本願商標は、前記のとおり、それぞれ同一の書体でまとまりよく表してなるところ、該構成中の「ソフトタッチ」及び「SOFT TOUCH」の文字は、柔らかい感触(タッチ)等の意味を表す語として親しまれており、さらに、化粧品業界においては、商品の特徴、品質等を表す語として使用されており、自他商品を識別するための標識としては大変弱い語であることから、本願商標の構成において「ソフトタッチ」及び「SOFT TOUCH」の文字部分のみが独立して認識されるとみるべき特段の事情は見いだせない。

そうとすれば、本願商標は、その構成文字に相応して「フェアクレア」、「フェアクレアソフトタッチ」の称呼を生ずるとみるのが相当である。

さらに、本願商標と引用商標とは、それぞれの構成態様よりして、外観については判然と区別し得る差異を有するものと認められるものであり、観念についても類似とすべき点は見当たらない。

してみれば、本願商標は、引用商標とその称呼、外観及び観念のいずれの点においても非類似の商標といわなければならない。

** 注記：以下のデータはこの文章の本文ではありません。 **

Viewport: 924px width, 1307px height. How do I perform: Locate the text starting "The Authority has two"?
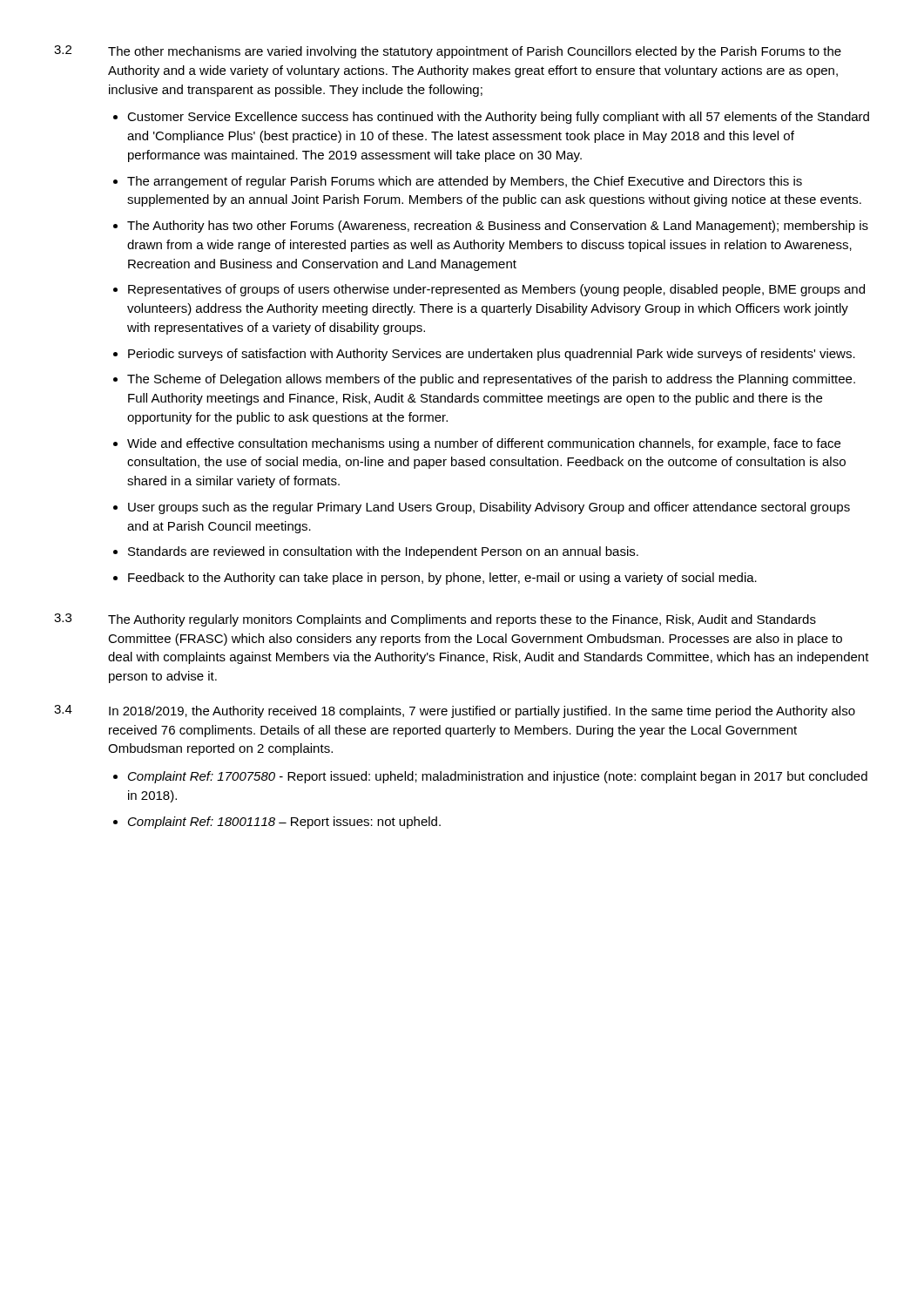click(x=498, y=244)

したがって、本願商標より「ソフトタッチ」の称呼が生ずるとし、そのうえで、両商標が称呼上類似するものとして、本願商標が商標法第4条第1項第11号に該当するとして本願を拒絶した原査定は、取消しを免れない。

その他、政令で定める期間内に本願について拒絶の理由を発見しない。

よって、結論のとおり審決する。